EXERCISE INSTRUCTIONS » Every line below from the one containing "Give a very brief answer. 2." through the one containing "Give a very brief answer. 0." must be transcribed exactly. Omit all lines outside that stretch.

MATERIAL SUPPLIED »
- Opening Delimiter -

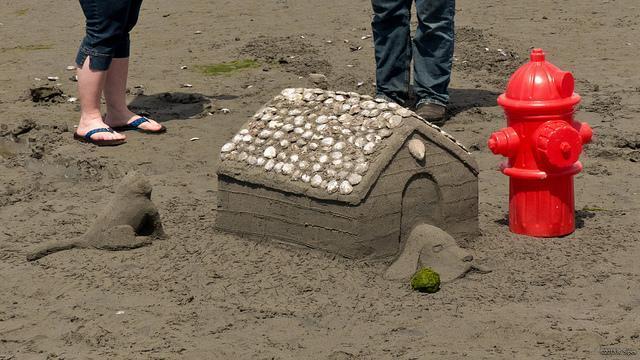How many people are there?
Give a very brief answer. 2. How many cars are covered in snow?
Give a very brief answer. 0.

- Closing Delimiter -
- Opening Delimiter -

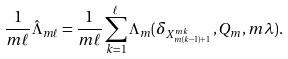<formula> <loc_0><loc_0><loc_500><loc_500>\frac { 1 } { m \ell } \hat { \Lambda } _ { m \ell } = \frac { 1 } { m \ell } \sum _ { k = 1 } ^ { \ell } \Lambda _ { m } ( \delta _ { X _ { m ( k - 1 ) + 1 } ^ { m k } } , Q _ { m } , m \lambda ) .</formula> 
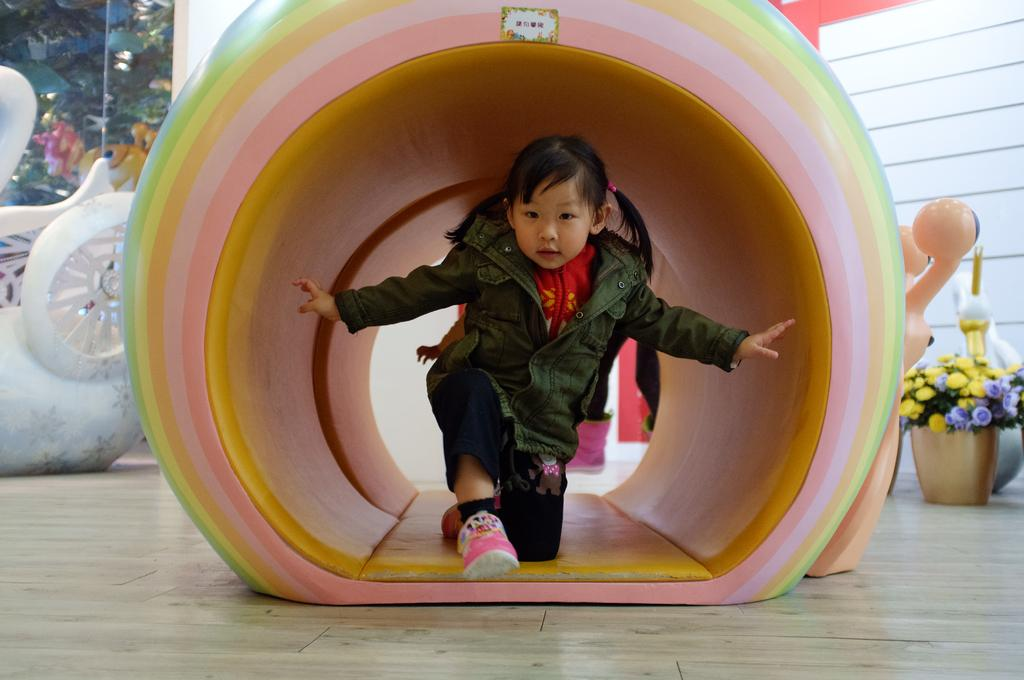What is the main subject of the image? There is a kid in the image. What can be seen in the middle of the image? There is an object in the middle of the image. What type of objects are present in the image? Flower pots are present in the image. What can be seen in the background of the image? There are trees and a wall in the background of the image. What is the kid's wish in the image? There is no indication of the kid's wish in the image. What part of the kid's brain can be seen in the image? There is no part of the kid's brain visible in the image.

- Closing Delimiter -

RESULT OF THIS TASK »
Give a very brief answer. 2. How many cars are covered in snow?
Give a very brief answer. 0.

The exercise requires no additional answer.